4/9/10

The Danger of Passivity

Anyone who knows me, knows that it is difficult for me to make decisions. Even though I'm getting better at it, it's still something that I want to continue to work on. I believe that the ability to make decisions easily, comes from knowing oneself, and understanding the world we live in. My problem is that sometimes I have a hard time figuring out what I want. 

Lately, I've been thinking about the play "Rosencrantz and Guildenstern are dead," and how much it made me realize the importance of making decisions. Though this play is fast paced and an easy read, it's full of a complexity and brilliance that to some may be unexpected. 

Ros and Guil highlight the fundamental mysteries of the world. They spend the entirety of the play in total confusion, lacking such basic information as their own identities. From the play's opening, which depicts them as unable to remember where they are headed and how they began their journey, to their very last moments, in which they are bewildered by their imminent deaths. Ros and Guil cannot understand the world around them, however, even with this confusion, there is a strong element of friendship between the two protagonists.

The constant confusion in which they find themselves leaves Ros and Guil feeling unable to make any significant choices in their lives. They are pushed along toward their deaths by what appear to be random forces, and they fail to respond to their circumstances with anything but total passivity. 

Their lack of agency is underscored by Stoppard's decision to transport them from scene to scene without any choice on their part. One minute they're in the woods with the Tragedians, and the next they are in Elsinore being asked to probe Hamlet's destressed mind - a request they accept without even understanding what they have been asked to do.

In the end of Act II, when they ask each other if they should go to England, Ros and Guil do not make a choice, but instead merely continue on the path that has been laid out for them. Since they have already come this far, Ros says, they may as well keep going. Their passive approach to their lives reflects how difficult it is to make decisions in a world that they do not fully understand, in which any choice is in danger of seeming meaningless and therefore not worth making. 

Stoppard demonstrated the danger of passivity by giving Ros and Guil the opportunity to make a very meaningful choice, which they fail to do. This moment occurs when they discover that they have a letter ordering Hamlet's death upon their arrival to England: if they destroy it, Hamlet lives, if they do nothing, he dies. They decide that they should not take any action, since they might not understand what all is at stake. Although this decision may seem like an unfeeling rationalization for moral laziness, it is in fact simply an extension of the passivity that has marked Ros and Guil throughout the play. By failing to make a significant choice when they had the opportunity to do so, Ros and Guil incur terrible consequences. These consequences occur when Hamlet discovers the letter and switches it with one ordering their deaths, rather than his own. 

In the end, Ros and Guil resign themselves to their fate, although Guil says "There must have been a moment, at the beginning, when we could have said--no. But somehow we missed it." (Ros and Guil 125) While reading we see that yes, it could have been so. But the play ends with two ambassadors from England informing Horatio that, at long last, Rosencrantz and Guildenstern, are dead.

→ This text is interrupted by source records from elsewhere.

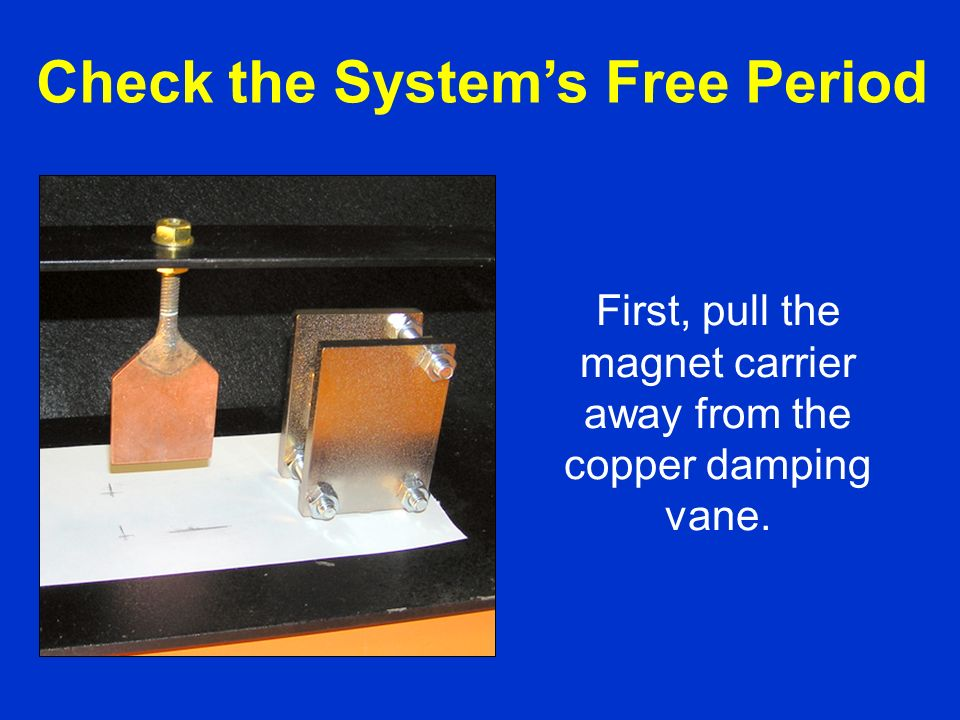Considering the setup shown, what could be the scientific principle or phenomenon that this experiment is designed to demonstrate or measure, based on the components and their arrangement? The setup with the magnet situated adjacent to the copper damping vane demonstrates the scientific principle of magnetic damping. In this experiment, pulling the magnet carrier away from the copper damping vane allows the observation of how a moving magnet induces eddy currents in the nearby copper plates. These eddy currents create a magnetic field that opposes the motion of the magnet, thereby slowing it down, a phenomenon known as magnetic damping. This is a practical demonstration of Lenz's Law, which is a fundamental concept in electromagnetism. It states that the direction of induced current will oppose the change in magnetic flux that produced it, showcasing energy conversion and conservation principles. 
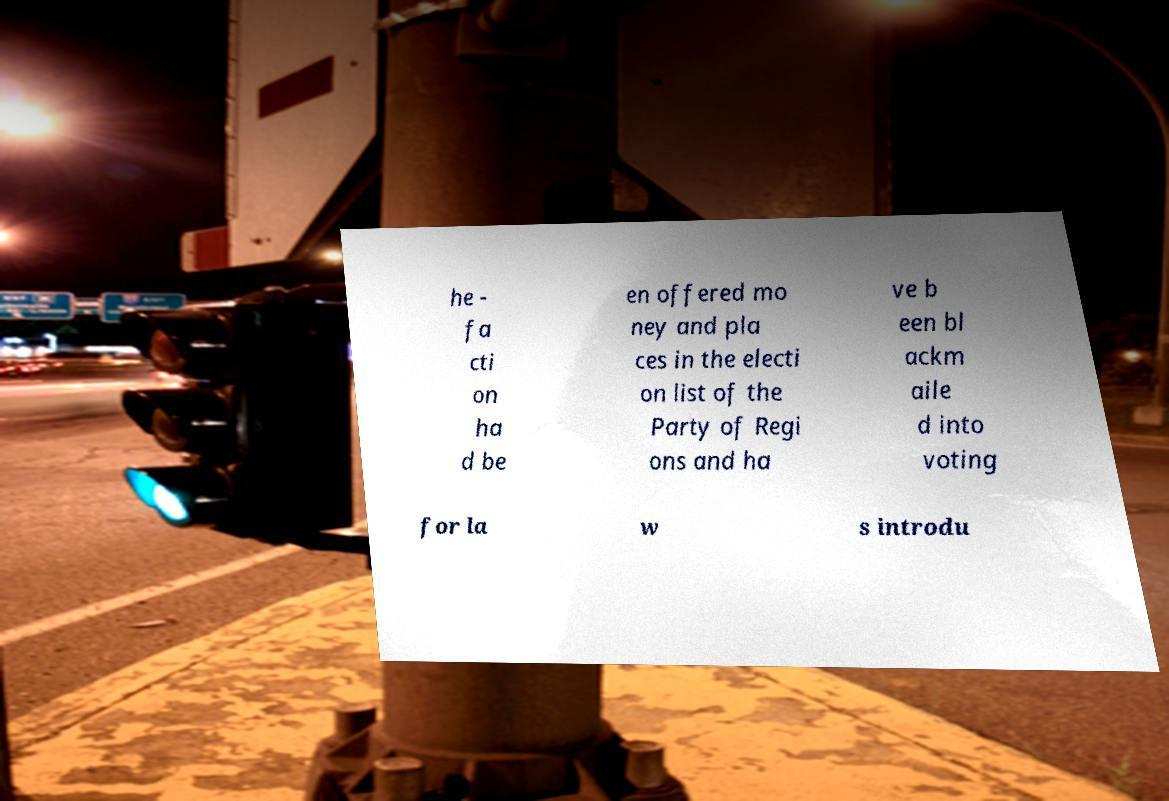Can you accurately transcribe the text from the provided image for me? he - fa cti on ha d be en offered mo ney and pla ces in the electi on list of the Party of Regi ons and ha ve b een bl ackm aile d into voting for la w s introdu 
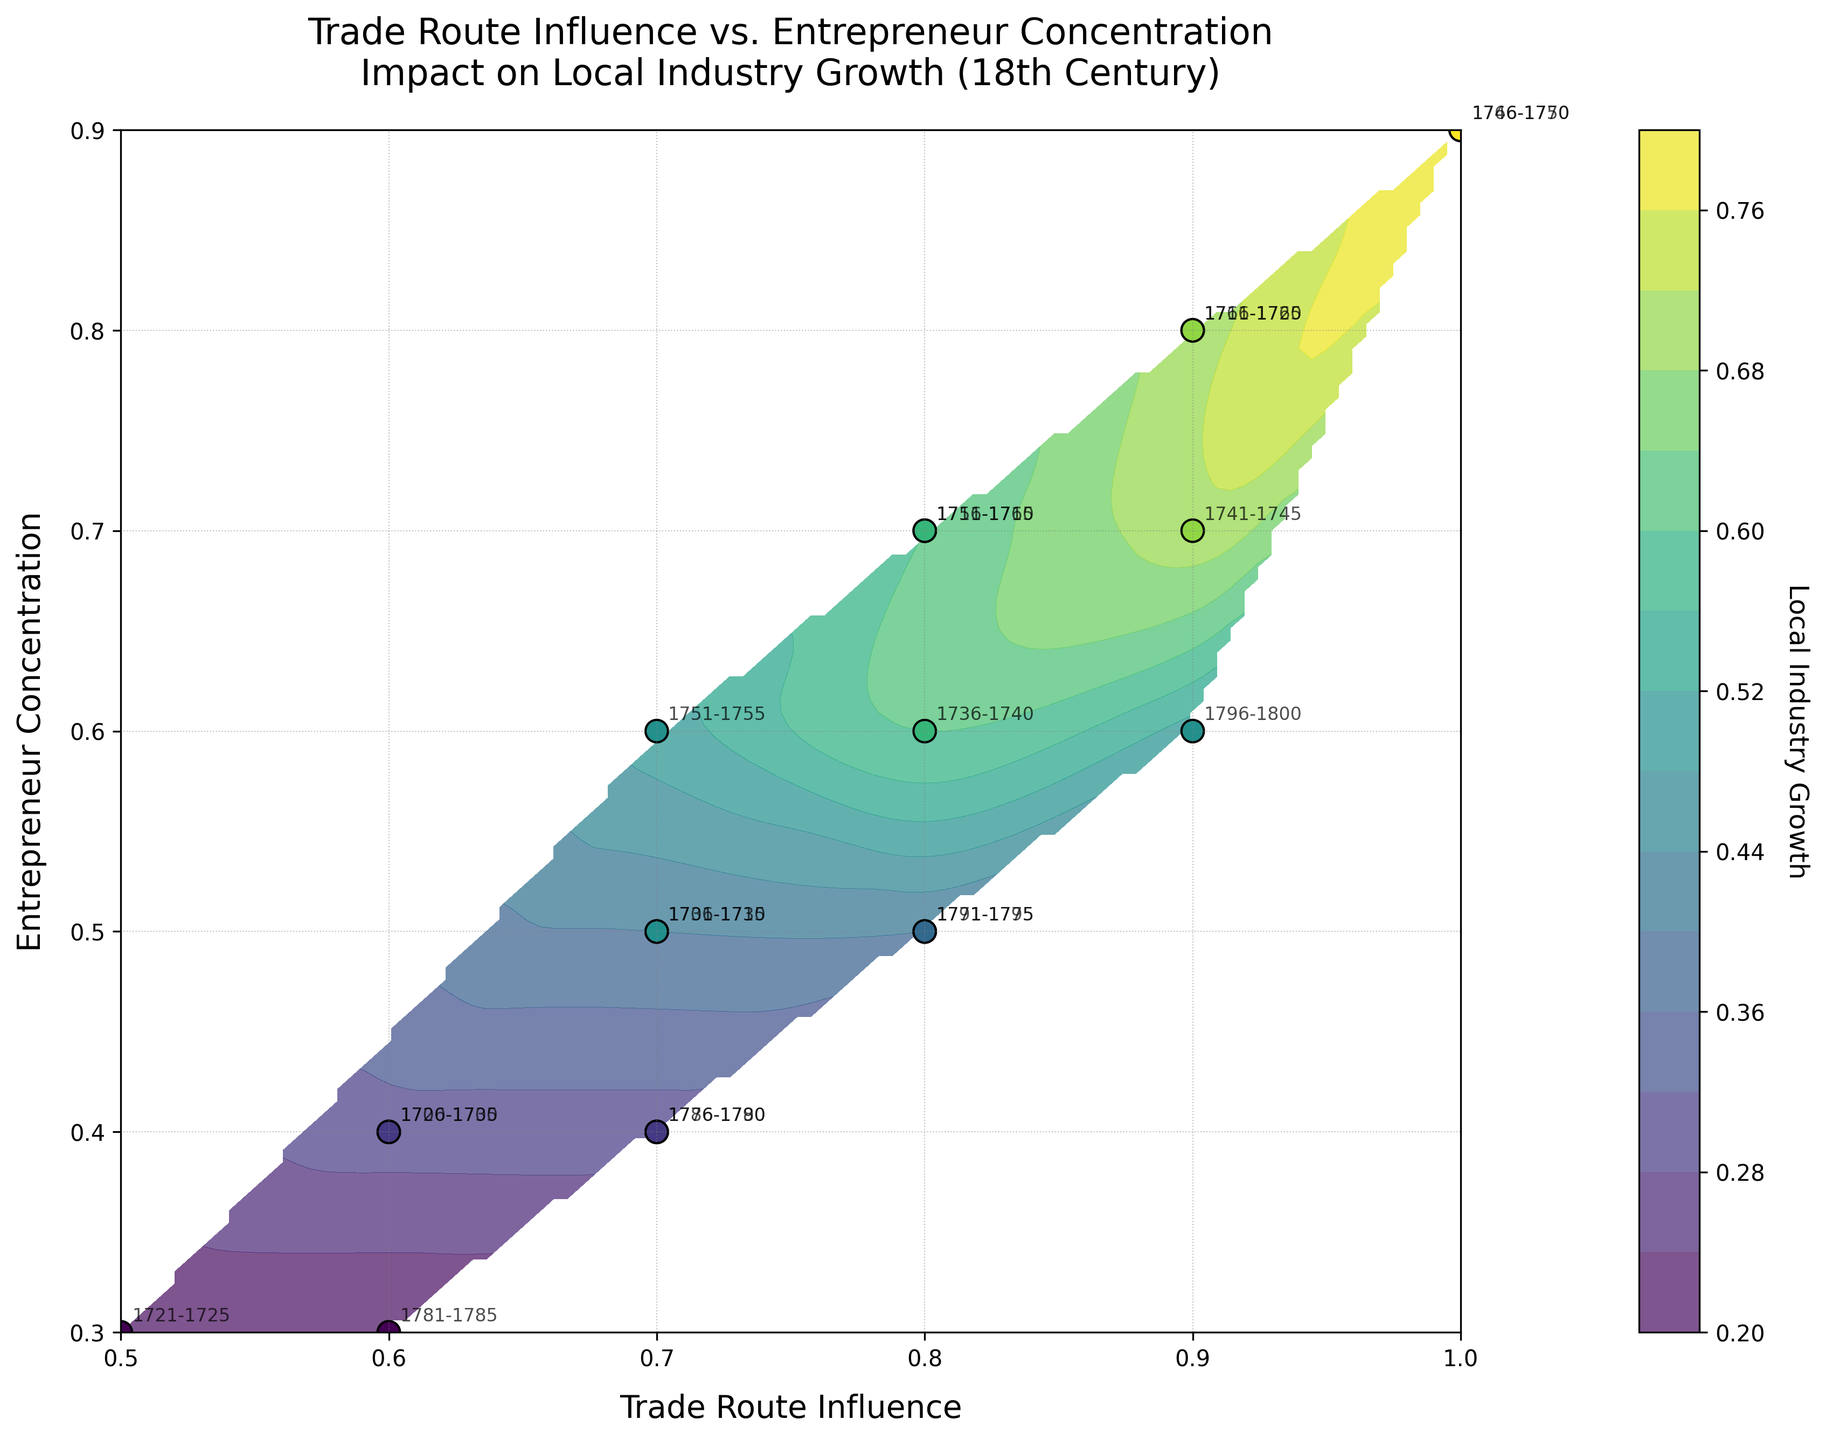What is the title of the plot? The title is displayed at the top of the plot. It summarizes the plot's main idea about the relationship between trade route influence, entrepreneur concentration, and local industry growth in the 18th century.
Answer: Trade Route Influence vs. Entrepreneur Concentration Impact on Local Industry Growth (18th Century) What are the labels on the axes? The axes labels provide context for what the x and y axes represent. The x-axis label represents 'Trade Route Influence' and the y-axis label represents 'Entrepreneur Concentration'.
Answer: Trade Route Influence (x), Entrepreneur Concentration (y) How many data points are represented in the plot? Each scatter point in the plot corresponds to one data point. By counting them directly, we get a total of 20 data points.
Answer: 20 What does the color of the contour plot represent? The color of the contour plot represents the 'Local Industry Growth,' as indicated by the color bar on the side. Darker colors typically represent higher growth values, and lighter colors represent lower growth.
Answer: Local Industry Growth Which time period shows the highest local industry growth? Locate the point with the highest 'Local Industry Growth' color value and identify the labeled time period. The highest value points are typically around 1.0 Trade Route Influence and 0.9 Entrepreneur Concentration, indicating the 1746-1750 and 1766-1770 periods.
Answer: 1746-1750, 1766-1770 Between 1700-1705 and 1786-1790, which period had higher entrepreneur concentration? Identify the points for the two periods and compare their y-axis values. 1700-1705 has an entrepreneur concentration of 0.4, whereas 1786-1790 has an entrepreneur concentration of 0.4. Since they are equal, they have the same concentration.
Answer: Equal How does the local industry growth change as trade route influence increases from 0.5 to 1.0? Observe the gradient of the contour colors from left (0.5 Trade Route Influence) to right (1.0 Trade Route Influence). As trade route influence increases, the contour colors generally become darker, indicating higher local industry growth.
Answer: Increases Is there a direct relationship between trade route influence and local industry growth? The contour lines' gradient and the scatter points' color distribution primarily slope upwards from left to right, signifying that higher trade route influence tends to correspond with higher local industry growth.
Answer: Yes For the time period 1731-1735, what is the approximate local industry growth value? Locate the point labeled 1731-1735 and note its color and position on the contour plot. The color is similar to the 0.5 growth region on the color bar.
Answer: Approximately 0.5 Do periods with higher trade route influence generally have higher entrepreneur concentration? By examining the scatter points on both axes, it is noticeable that higher trade route influence values (right side) are often accompanied by higher entrepreneur concentrations (upper regions).
Answer: Generally, yes

Even though deciding which actions we should take in life is at times so difficult that we may be tempted to succumb to total passivity, failing to act is itself a decision, one that the play presents as not merely immoral but also self-destructive.

2 comments:

Julianna said...

Thanks so much for stopping by this week and following. I'm following you too! Have a great weekend.

Rose @ Confessions of a Curbshopaholic said...

What an interesting and thought provoking post! I'm very glad I followed your link from New Friend Friday!